_ASSIGNMENT:_ Could the data below be retyped exactly, without its pictures?

COLLECTED MATERIAL section start

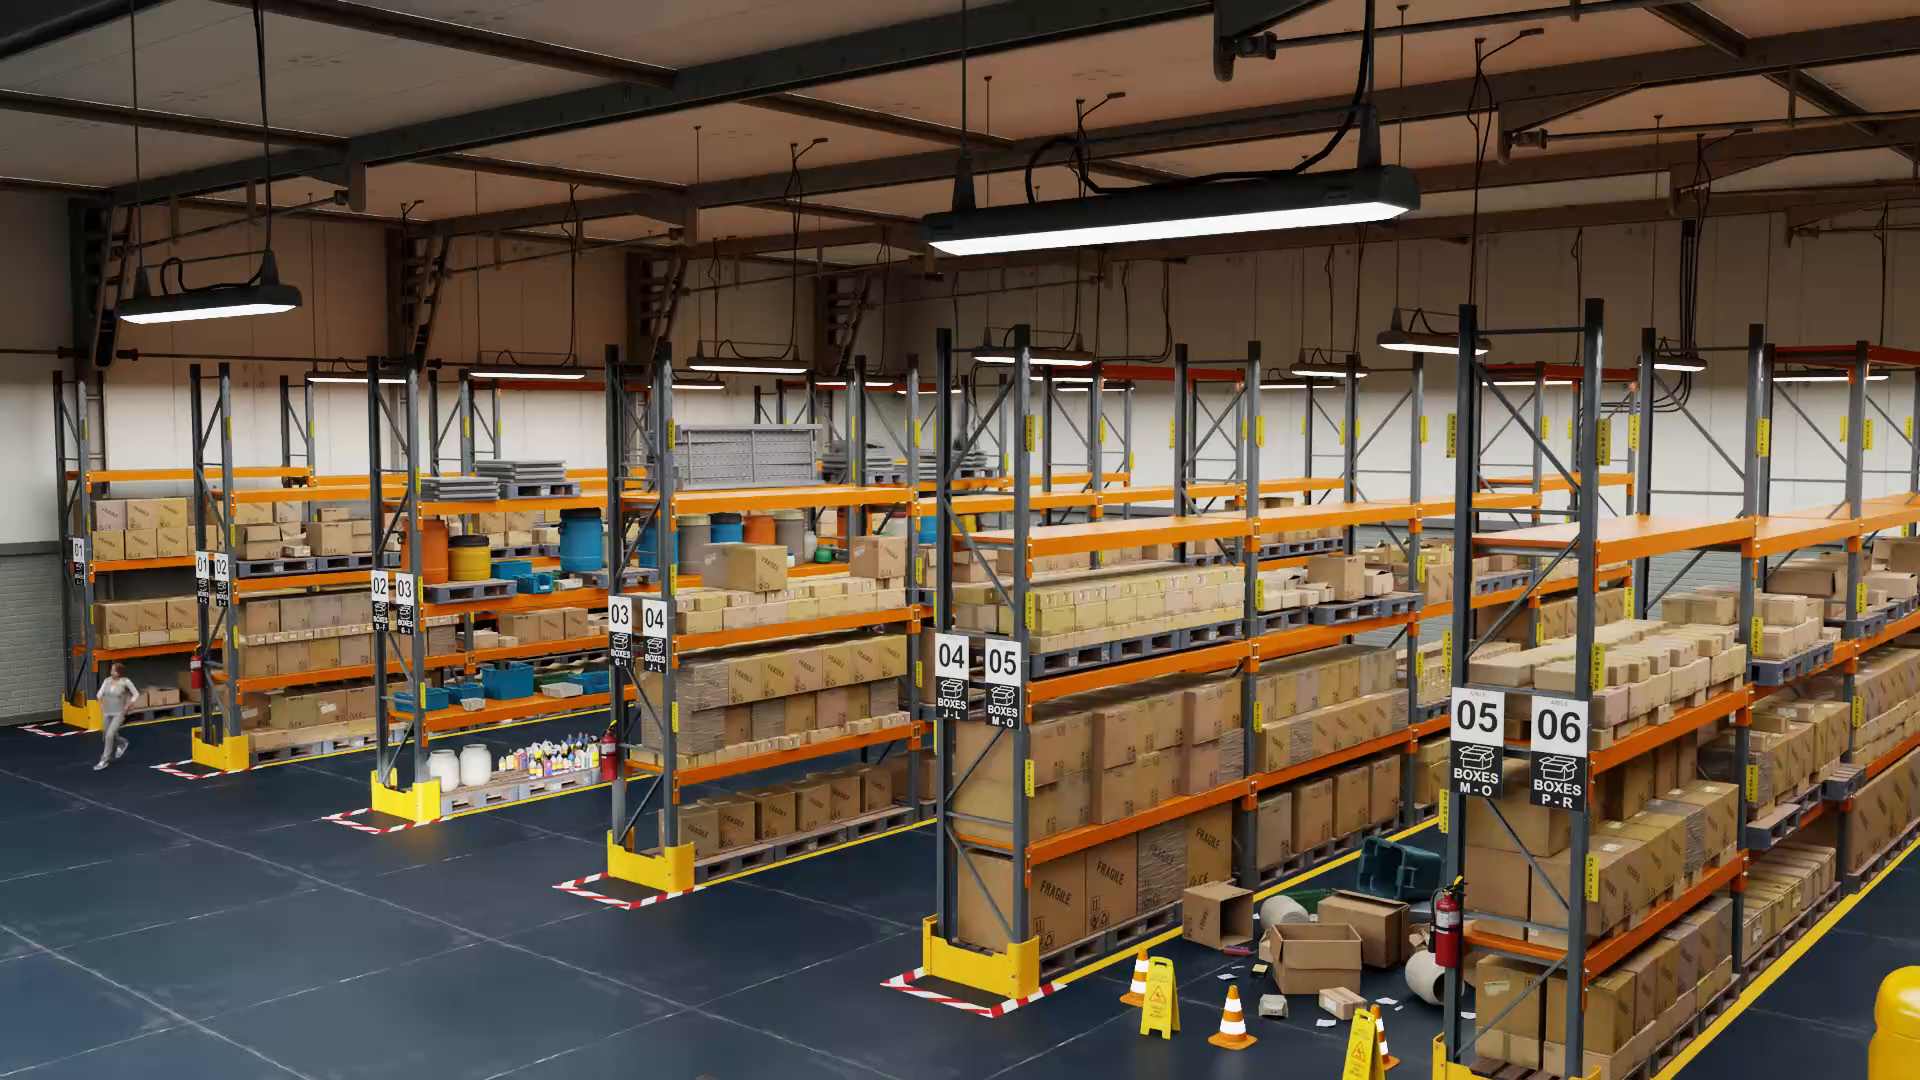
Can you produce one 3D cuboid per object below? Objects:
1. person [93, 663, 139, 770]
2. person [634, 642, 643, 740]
[{"bbox_3d":[-12.565,2.599,24.825,0.581,1.573,0.731,0,4,3],"label":"person"},{"bbox_3d":[-5.083,2.364,26.775,0.704,1.726,0.570,4,6,42],"label":"person"}]

COLLECTED MATERIAL section end

_WRITTEN RESPONSE:_
Can you produce one 3D cuboid per object below? Objects:
1. person [93, 663, 139, 770]
2. person [634, 642, 643, 740]
[{"bbox_3d":[-12.565,2.599,24.825,0.581,1.573,0.731,0,4,3],"label":"person"},{"bbox_3d":[-5.083,2.364,26.775,0.704,1.726,0.570,4,6,42],"label":"person"}]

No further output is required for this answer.